USC must use it wisely. No more hit-and-miss basketball searches. No more "I've got a guy we can get," whispers from one displaced HH'er to another as they pass by at University Village.
No more chicken-with-their-heads-cut-off going who knows where and why. USC has the time. Haden & Co. must use it well.
But before we consider the best way to qualify exactly which coaches the Trojans' search should be identifying, USC must start from a place well before that.
From a place that's been debated quite a bit around here.
Just what should USC basketball be? What can it be? What must it be? And why?
It's a subject for serious thought. Does USC basketball matter? If not, could it? And if so, why should it and how could it?
This is not a debate they're having at UCLA right now as Ben Howland's fate clearly seems to be hanging in the balance. History has determined that for the Bruins. Just as it made them pursue that overpriced $160 million plus Pauley Pavilion renovation that will host USC Wednesday.
But for USC, where the "Never had a program, never gonna' have a program, no one cares" storyline seems to sum up the history in a sentence, it's a bit of a different discussion. Football is king and the basketball people know it.
But does that mean you can just mail basketball in, as USC has for the last four years?

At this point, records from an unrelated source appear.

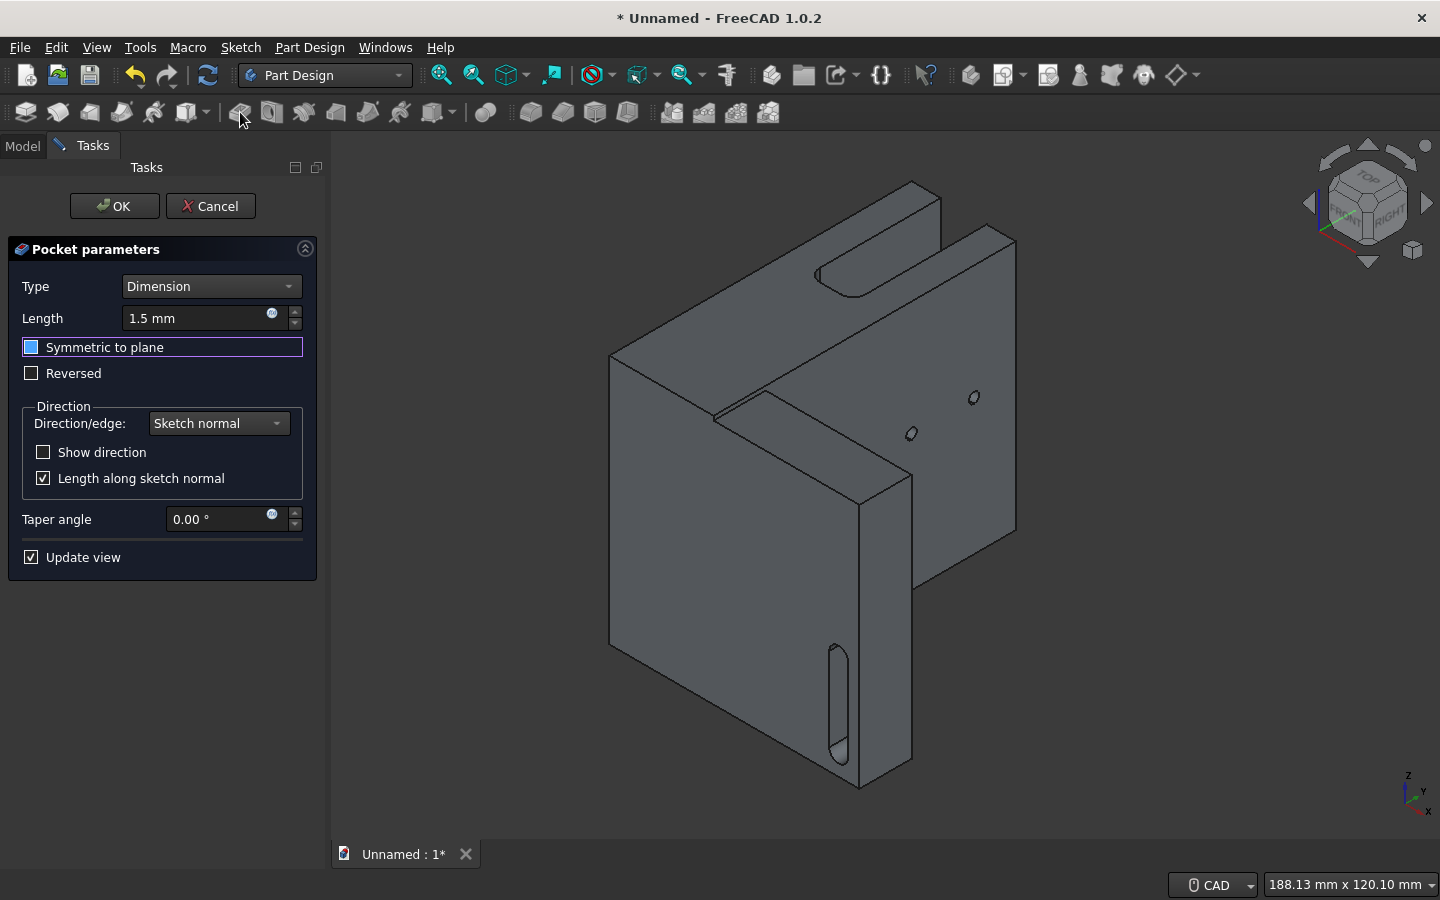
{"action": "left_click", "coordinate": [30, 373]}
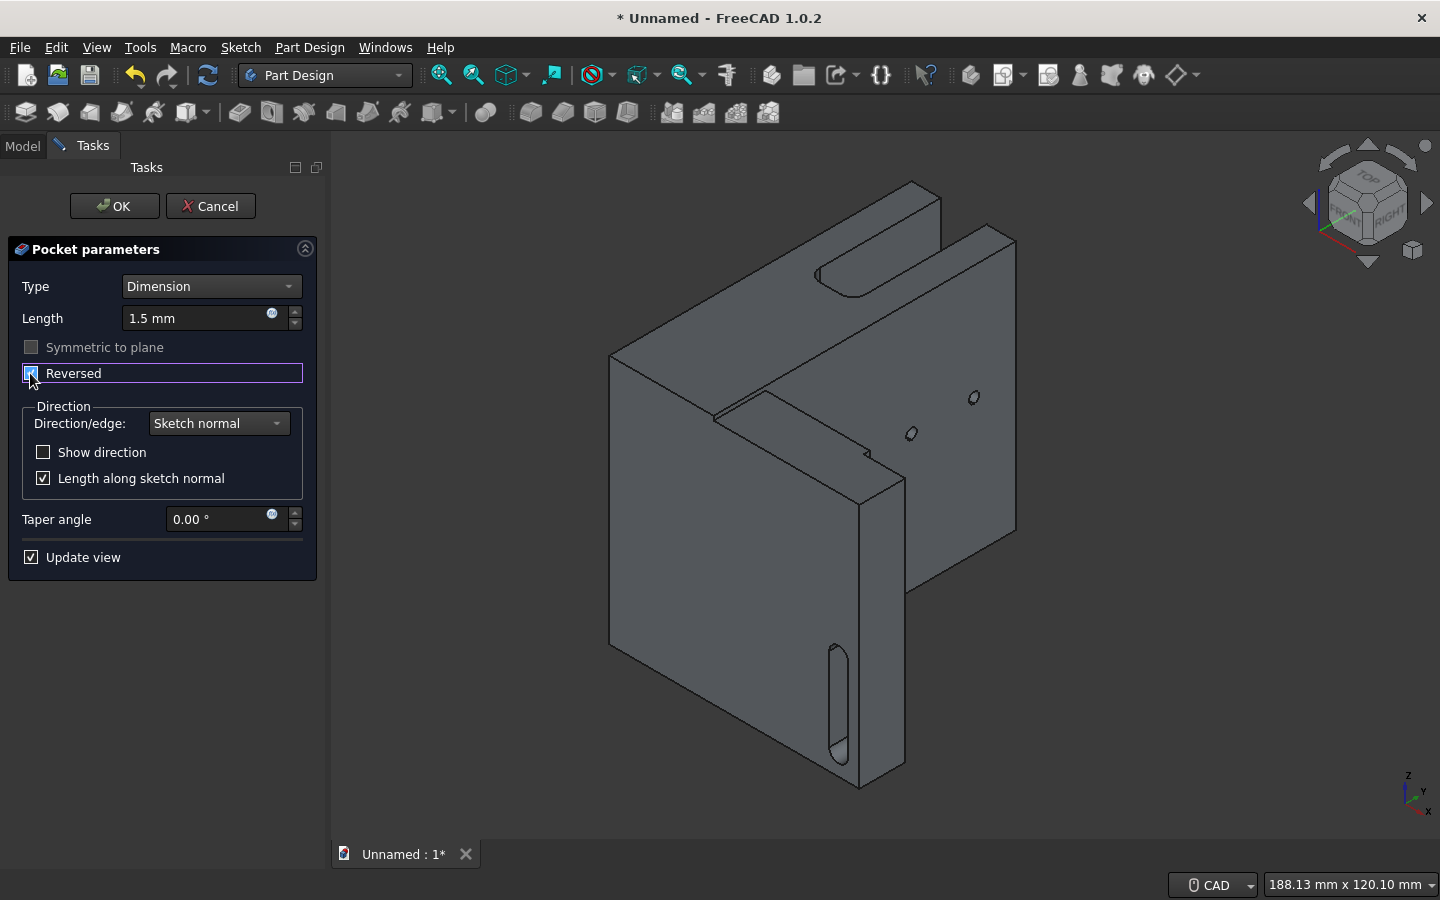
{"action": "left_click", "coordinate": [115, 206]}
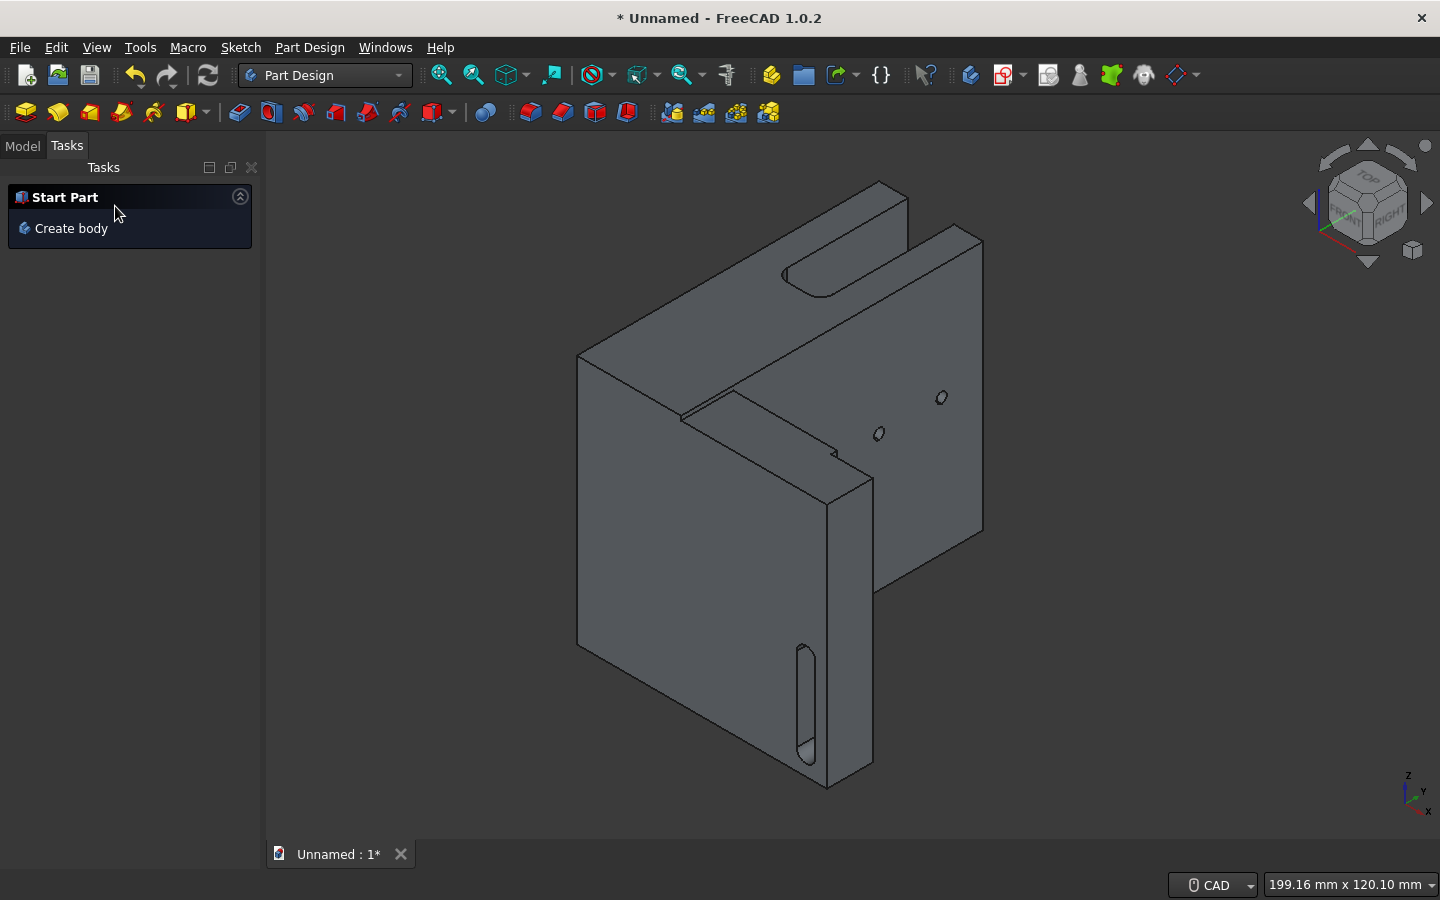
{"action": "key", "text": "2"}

With Galen Center at its disposal, you cannot without looking like complete fools. If the Trojans were still renting out the Sports Arena, that would be different. But the location of Galen, and USC, on the lively Figueroa Corridor, the top urban development in the U.S. the past 25 years, demands USC take advantage of it without delay.
USC must extend the USC brand and project a university-wide sense of smart decision-making to basketball, especially since it can be done with no additional cost. The expanded revenues of a top national program easily would outpace the additional expenditures.
Let's face it, it costs a lot to put on a lousy show in basketball the way USC has recently on both the men's and women's sides. And not just in dollars. There's a reputational cost as well.
The rationale right now seems to have been that "Sure, it's worth doing, just not worth doing well." But should any USC program, academic or athletic, just go through the motions?
It's a rhetorical question. So where to start? How to do this?
USC is fortunate here. There is one place to start and one person -- Tim Floyd. We know that many people, Tim included, feel the breach was too broad, the separation too complete, for things to be healed.
But there should be some sort of sitdown. Due diligence would require Haden to at least do that much. If some things on both sides could be changed, and USC and Tim could go along with those, then the search is over.
Floyd had it all. An NBA guy who loved the college game, loved recruiting, loved coaching kids and preparing them for what comes next. He got what USC was and what its basketball program could be.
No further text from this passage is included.